Control: retitle -1 in VMware with open-vm-tools-desktop, XFCE becomes
unresponsive after repeated copy/paste
On Wed, 16 Jul 2025 at 08:13:03 +0000, David Kennedy wrote:
after a few Ctrl-C keystrokes it crashes something and I can't use my mouse or
keyboard, and worth noting that these open-vm-tools below weren't installed
manually by me
Aha, open-vm-tools (or probably in your case open-vm-tools-desktop)
sounds like exactly the sort of component I had in mind - I had expected
it to have vmware in its name, but it does not.
Please check the systemd Journal for information about what is crashing
and in what way, by running journalctl as root (use sudo or su).
Probably the easiest way is:
- install the VM with a blank root password (this will add your non-root
user to the sudo group, making it an administrator)
- when asked what tasks to install, add your chosen desktop environment
(XFCE?) and also the ssh server
- log in to the VM via ssh as your non-root user using their password
- in the ssh shell, run: sudo journalctl -f
- in the GUI interface, copy/paste repeatedly to trigger the bug
- everything that is written to the system log during that time will
appear in the ssh shell and can be copied into a text file
Your video seems to show the XFCE user interface becoming unresponsive,
which is not exactly a "crash"; it's possible that this is caused by
some component behind the scenes crashing, but it is not possible to
confirm or deny this by just looking at what is shown on the VM's
virtual monitor.
Another useful debugging step would be to remove open-vm-tools and
open-vm-tools-desktop from the VM:
sudo apt purge open-vm-tools open-vm-tools-desktop
then reboot the VM and try to reproduce the bug.
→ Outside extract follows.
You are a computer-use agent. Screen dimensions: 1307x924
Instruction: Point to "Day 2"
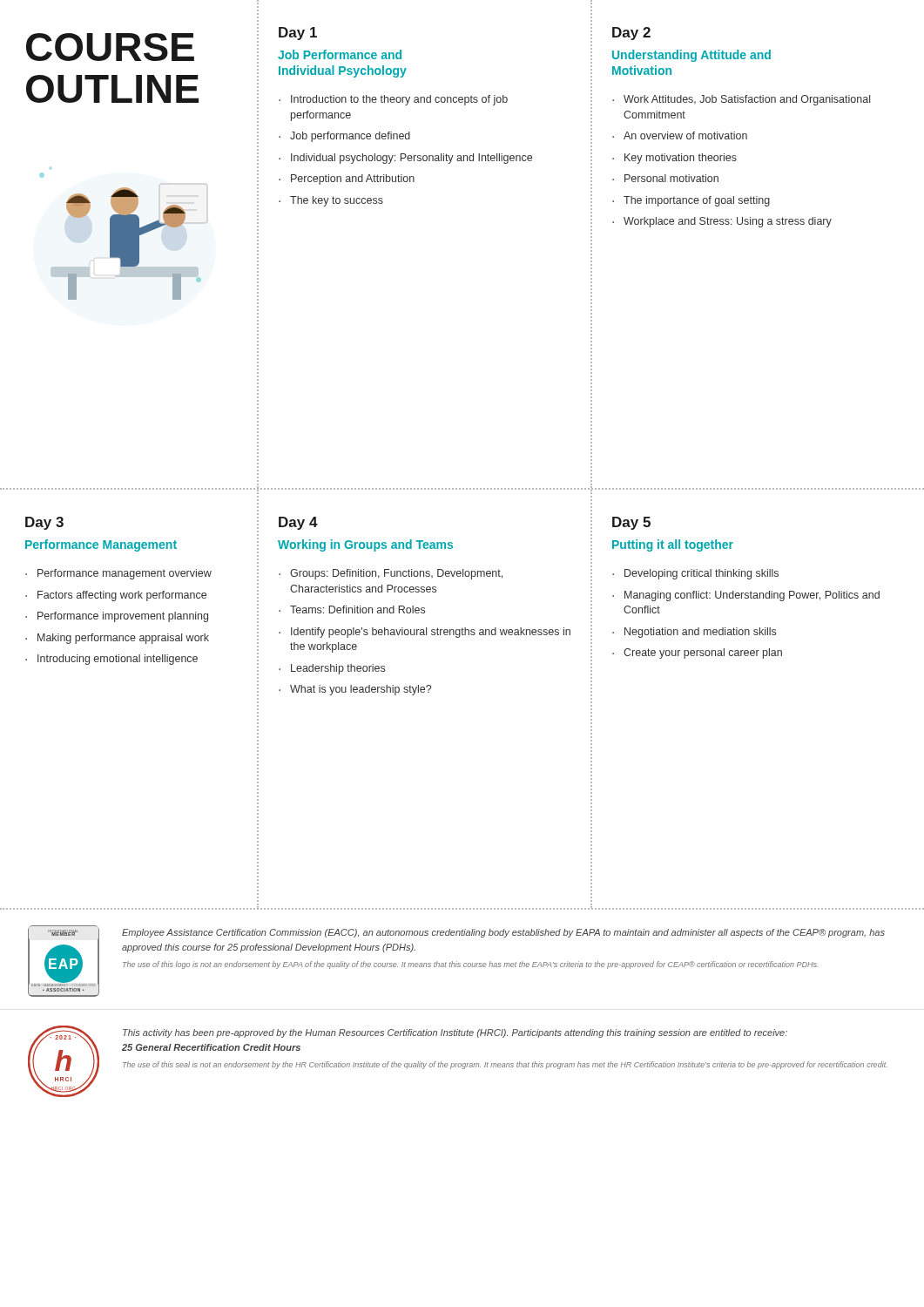click(x=631, y=33)

If you cannot, then
that would be evidence of a problem with open-vm-tools. This will break
some VMware features (like clipboard sharing with the host machine) so
ideally you would not need to do this, but it provides a data point.
I don't use VMware myself (most Debian developers probably do not) so
this will probably have to be investigated further by someone who does.
If the log has evidence of a problem with open-vm-tools, then this bug
can/should be assigned to that package.